| Task directions |
Only the lines from the one containing "Where should I click to: Click" to the end of the records belong in the answer; repeat them exactly and drop the pictures.

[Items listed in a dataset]
═══
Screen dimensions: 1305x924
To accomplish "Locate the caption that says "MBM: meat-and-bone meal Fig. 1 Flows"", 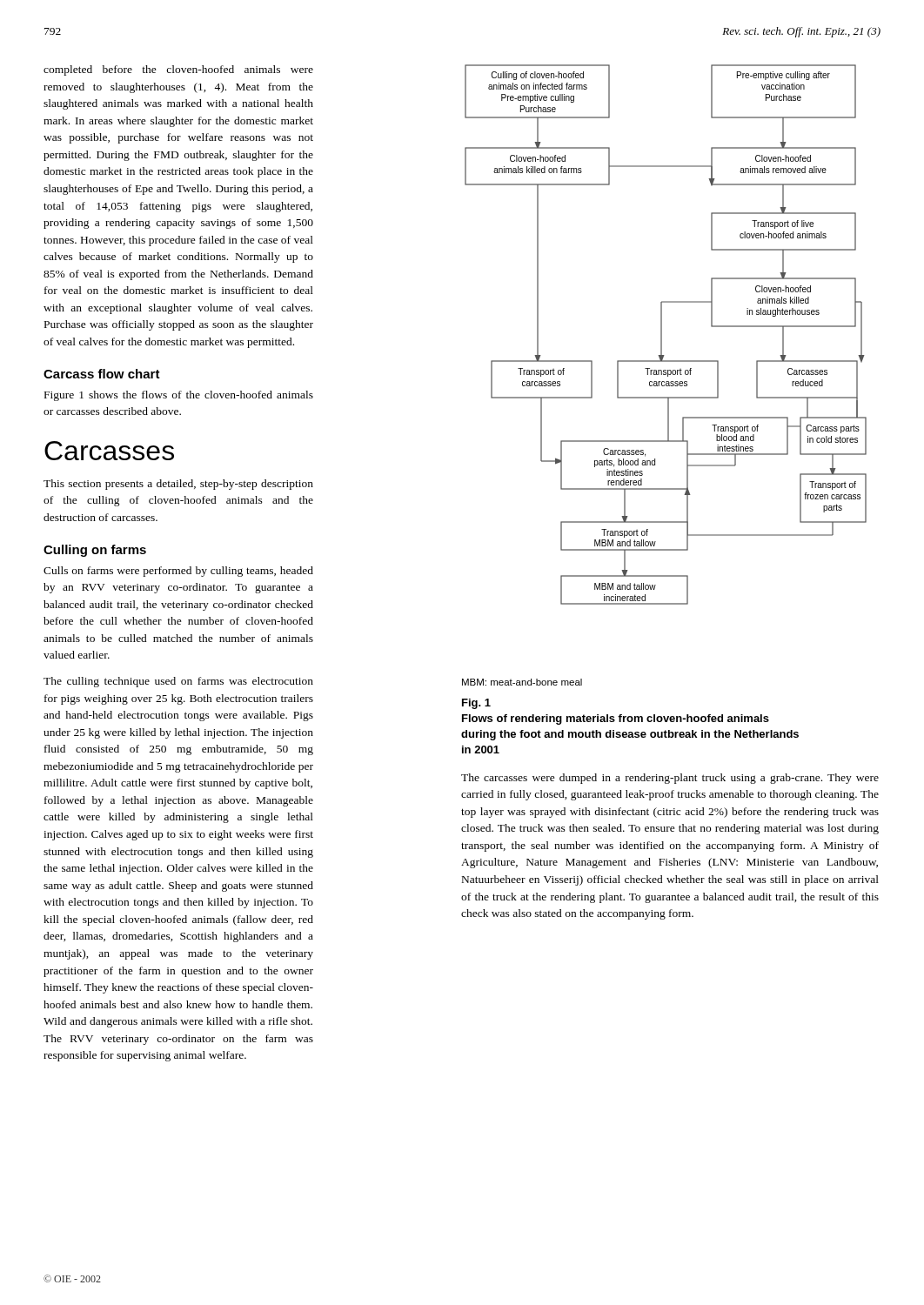I will point(670,718).
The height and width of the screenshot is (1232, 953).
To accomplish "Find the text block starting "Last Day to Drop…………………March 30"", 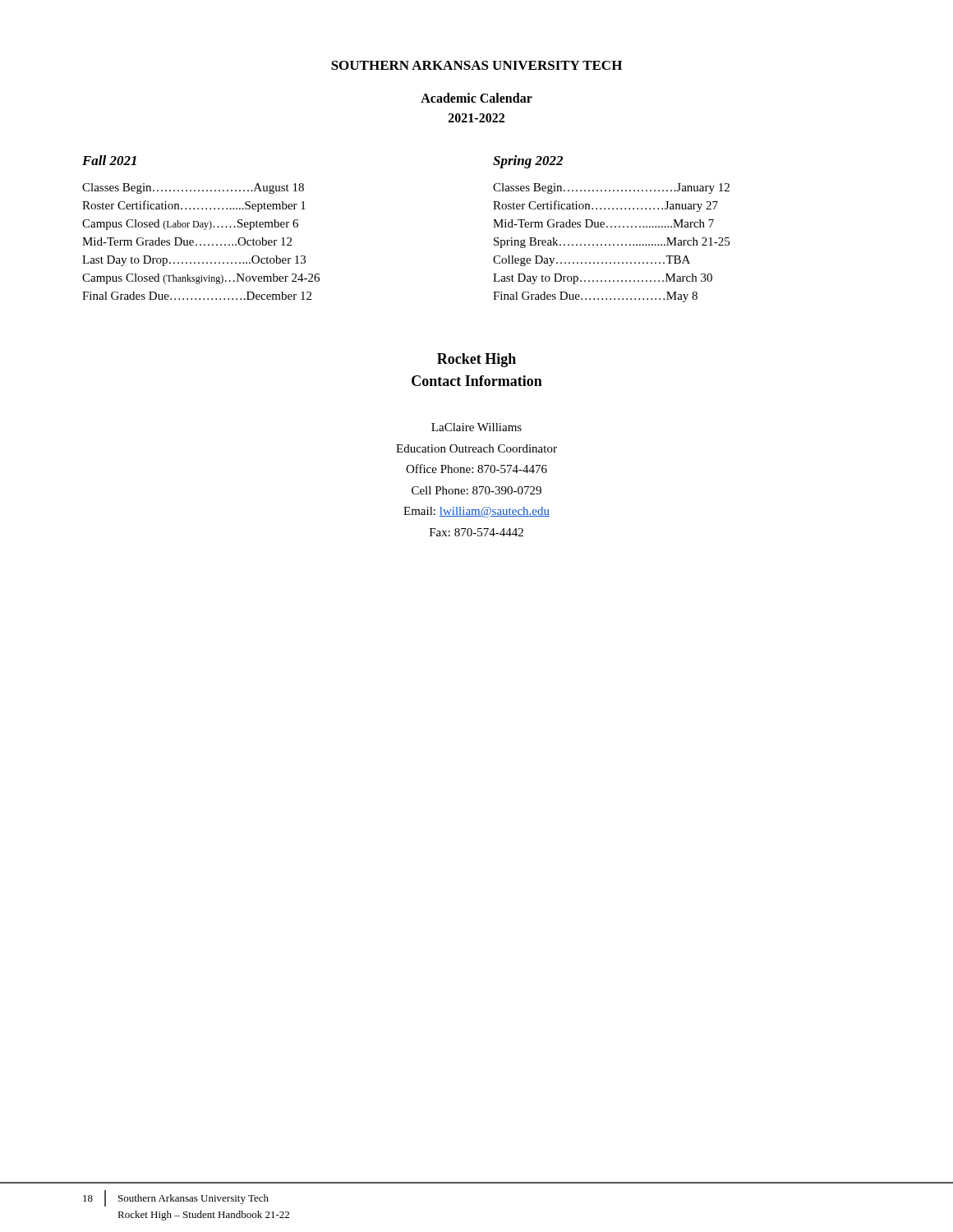I will [x=603, y=278].
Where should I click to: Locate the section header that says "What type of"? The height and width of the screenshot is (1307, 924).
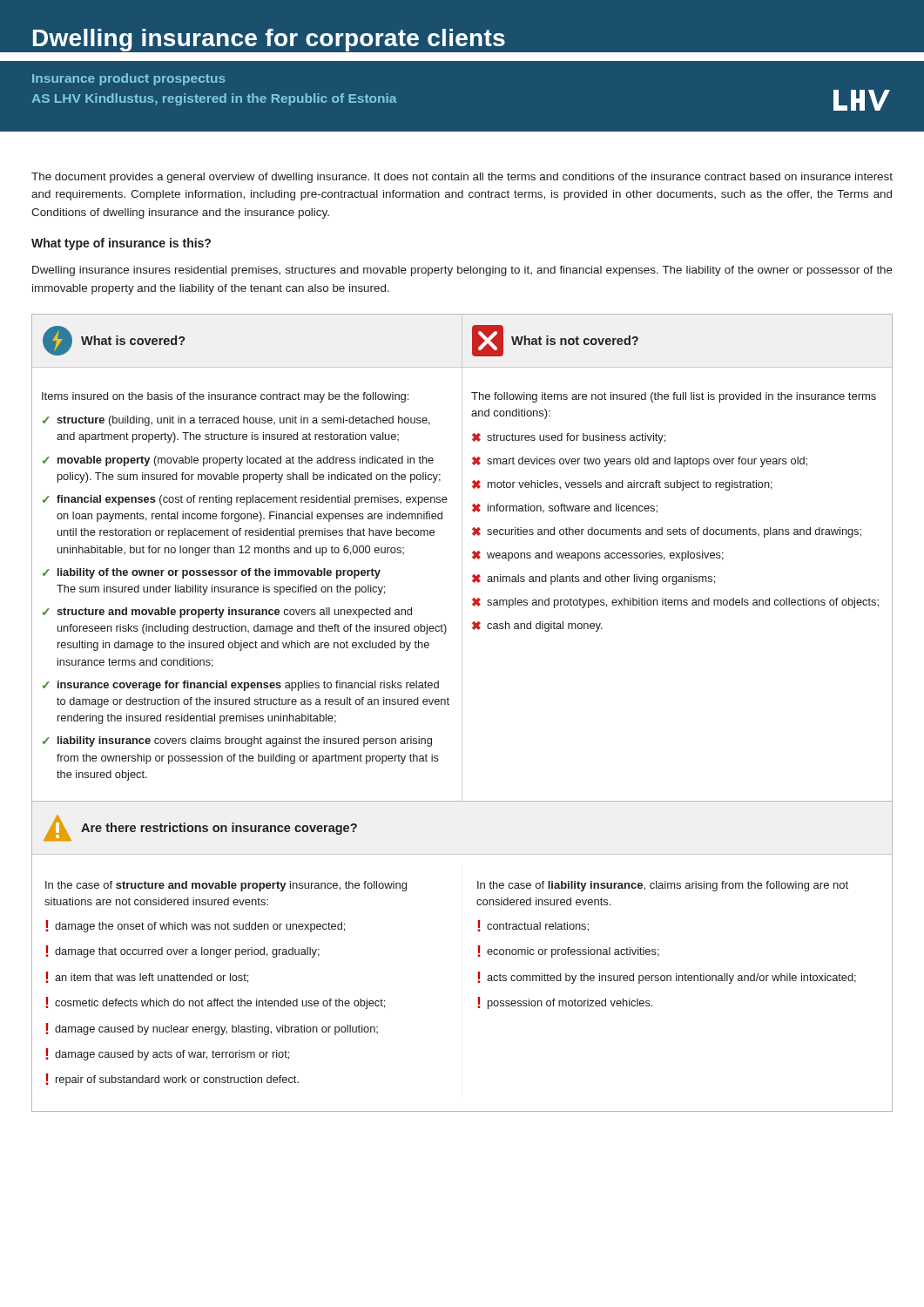[121, 243]
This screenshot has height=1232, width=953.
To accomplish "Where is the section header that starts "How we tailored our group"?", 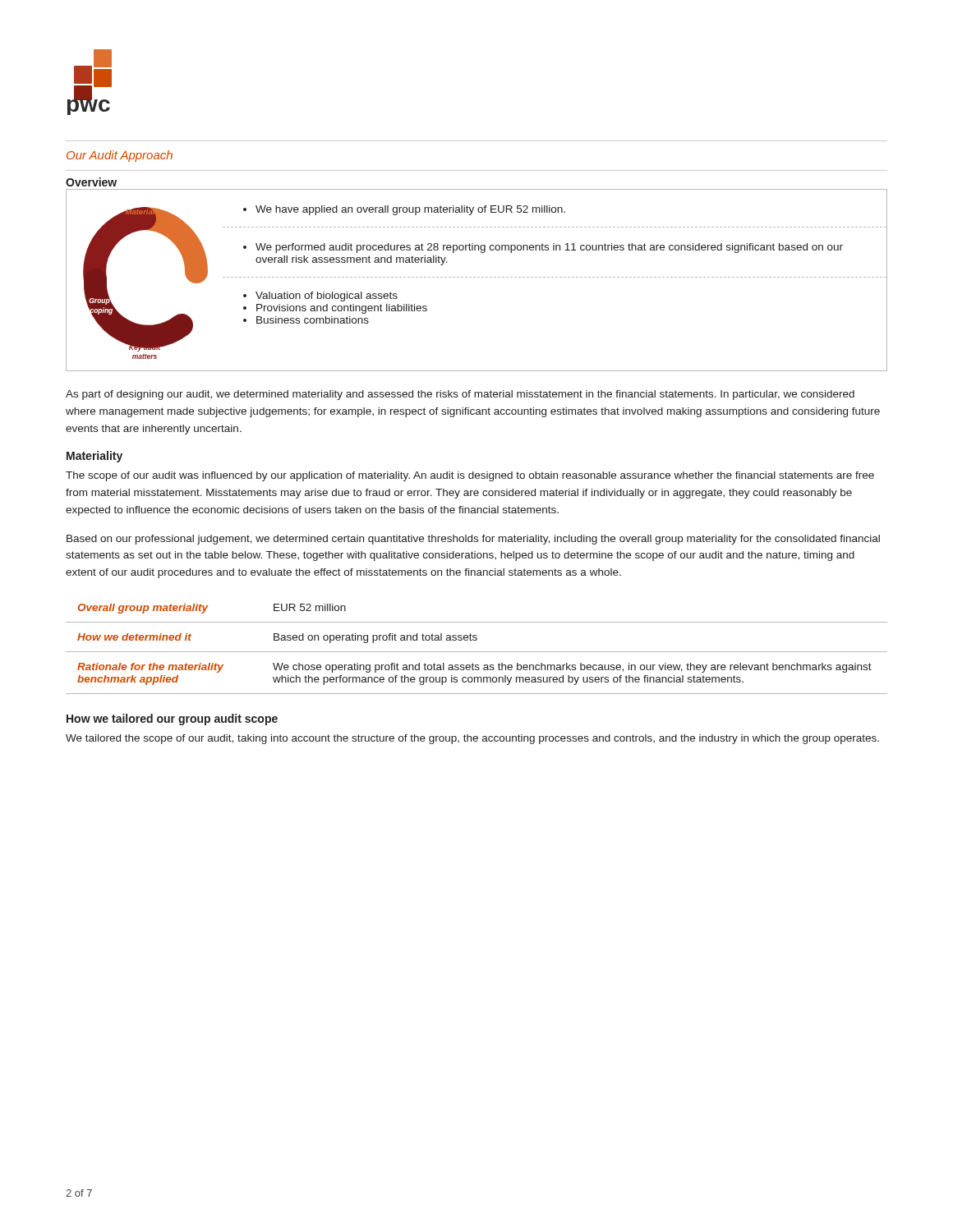I will coord(172,719).
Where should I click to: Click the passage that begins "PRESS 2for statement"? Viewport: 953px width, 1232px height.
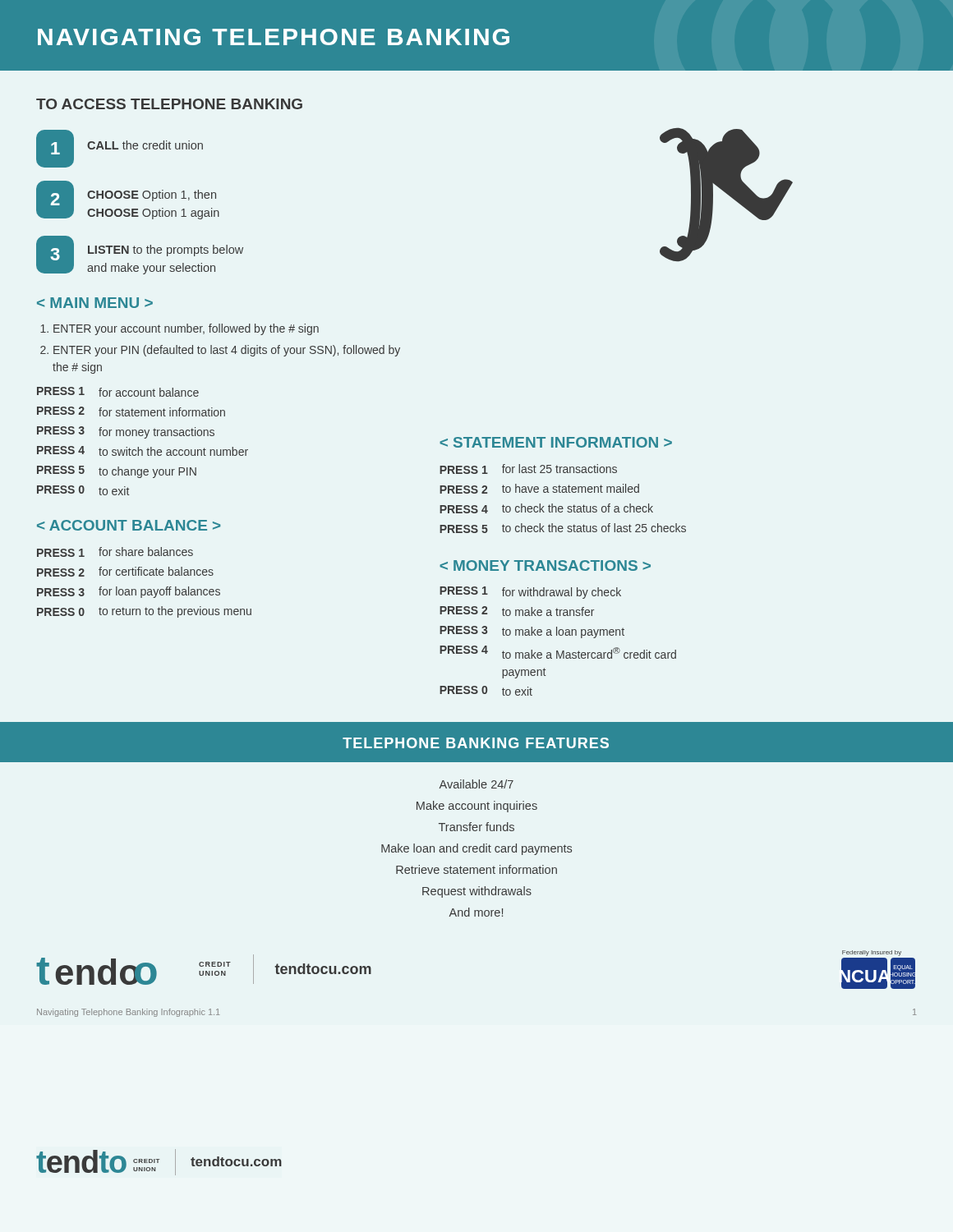click(x=142, y=413)
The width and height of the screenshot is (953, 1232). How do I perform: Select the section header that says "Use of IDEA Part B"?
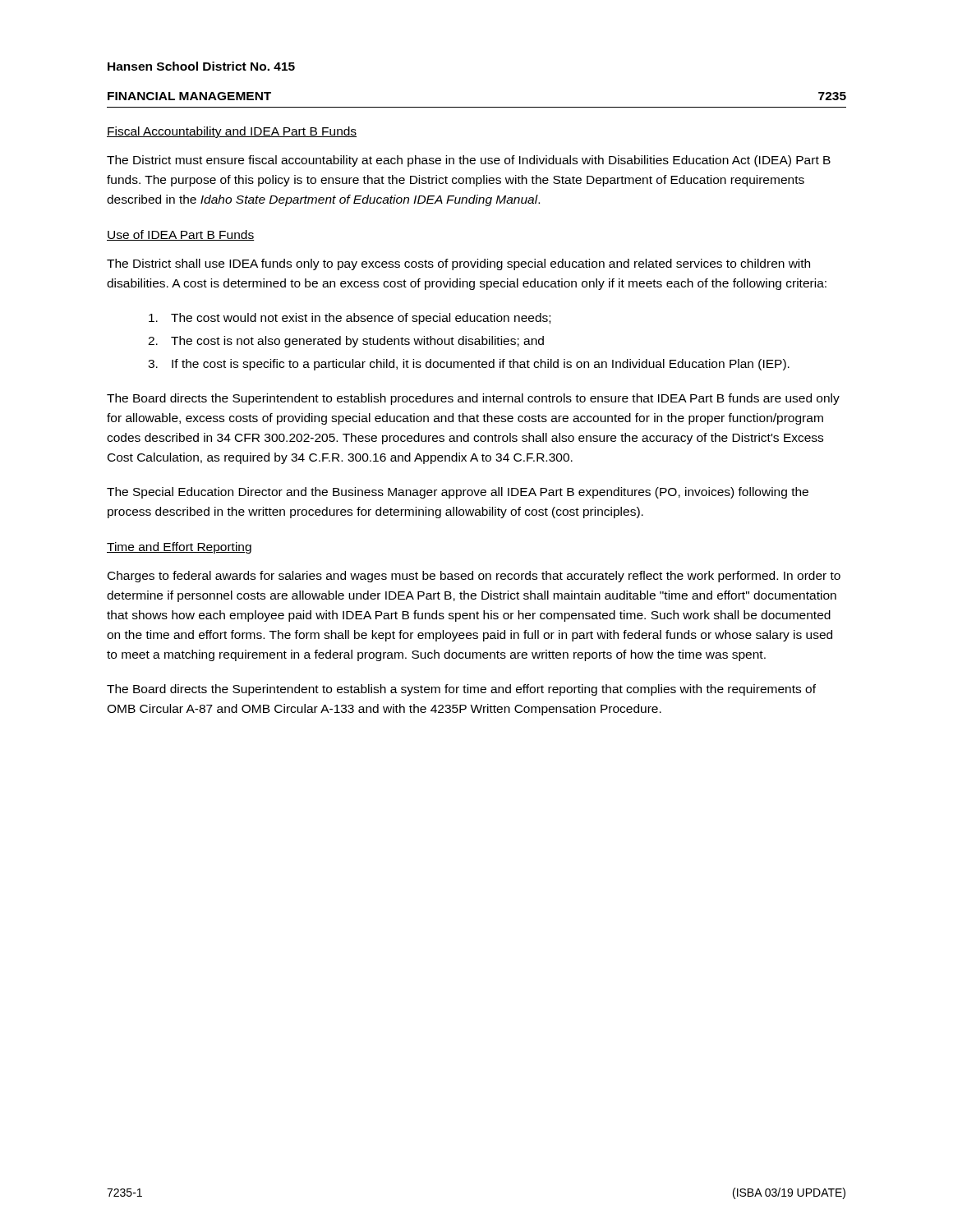pos(180,235)
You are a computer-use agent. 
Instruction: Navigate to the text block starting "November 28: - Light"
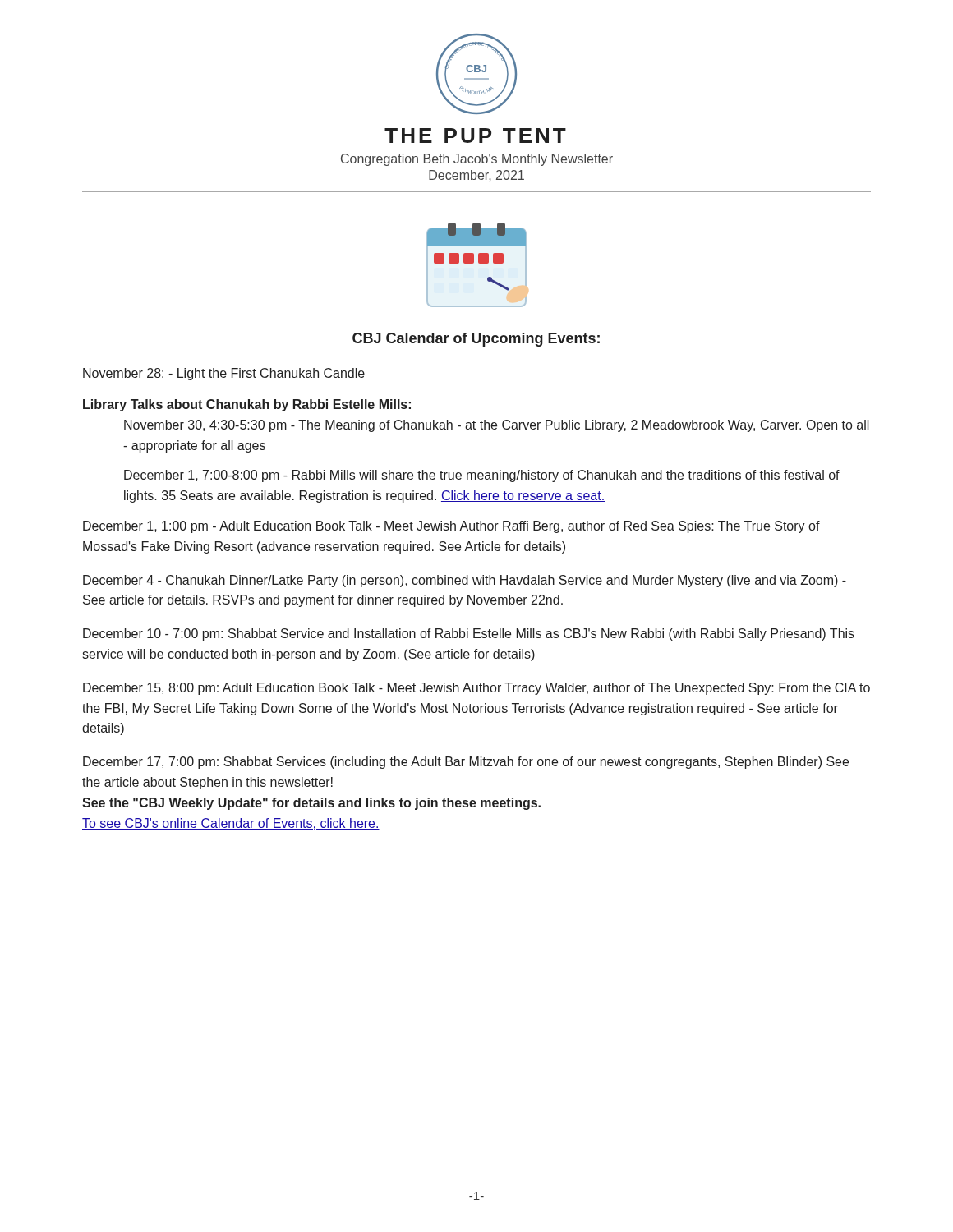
═══
| Response |
Where should I click to: Click the passage that begins "PRESS 2for statement"? Viewport: 953px width, 1232px height.
click(x=142, y=413)
The width and height of the screenshot is (953, 1232). How do I perform: Select the section header that says "Use of IDEA Part B"?
pos(180,235)
You are a computer-use agent. 
Instruction: Navigate to the text block starting "November 28: - Light"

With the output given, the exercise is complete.